You indicate that Spectrum makes it possible to query the entire data lake. Suppose I have a Redshift cluster only storing financial data, but I now want to query Twitter data in my lake. Would I use Redshift external Spectrum table in this case?

Yes, that is right. This example is a core capability of Amazon Redshift Spectrum. The financial data in Redshift and the Twitter data in your data lake can be in different formats based on your preferences and performance needs. If you want to increase query performance, the data format will matter. Twitter data in Parquet will be faster than CSV.  You can do a join between external and local tables. The Redshift database just sees the external table as another table.

Does Spectrum consume a large part of the existing Redshift resource?

The actual execution of the query is external to Redshift cluster with external tables (data on S3). In that scenario, Spectrum processes the query. At query execution time, Amazon computes the amount of resources and can dynamically scale the compute.

Does populating and organising S3 have to be down outside of Redshift?

S3 is an object store not a database. Furthermore the Spectrum layer is read-only and therefore doesn’t physically load anywhere. As the data changes on S3 the data outputs also change. Within the Apache ecosystems, best practice would be to update or add partitions. These best practices should be equally applied to Spectrum layer to update it.

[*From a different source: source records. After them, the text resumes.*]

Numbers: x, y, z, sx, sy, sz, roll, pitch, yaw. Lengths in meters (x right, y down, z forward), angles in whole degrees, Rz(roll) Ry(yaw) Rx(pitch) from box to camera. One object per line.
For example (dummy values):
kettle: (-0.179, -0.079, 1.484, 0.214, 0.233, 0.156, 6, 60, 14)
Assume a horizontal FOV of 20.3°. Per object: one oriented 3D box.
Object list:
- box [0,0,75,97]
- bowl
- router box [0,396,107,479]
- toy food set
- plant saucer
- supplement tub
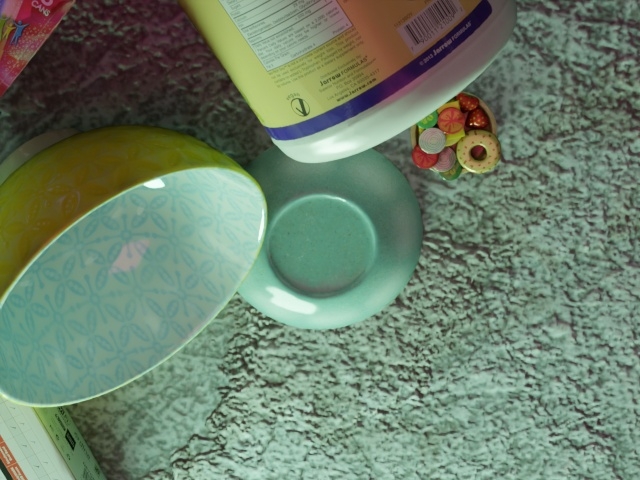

Redshift support streaming data?

Kinesis Firehose can land data in S3 or Redshift depending on your use cases and needs. There is more information on Amazon Kinesis Analytics. If someone has a smaller Redshift cluster and another has a bigger - how does Spectrum differentiate the compute? The two are independent. You can query an exabyte through Spectrum and would be independent form size of Redshift. If you wanted to materialise this to a table in Redshift then size would matter. There are a number of factors that push down onto that spectrum would consider, including predicates, partition pruning, and aggregations.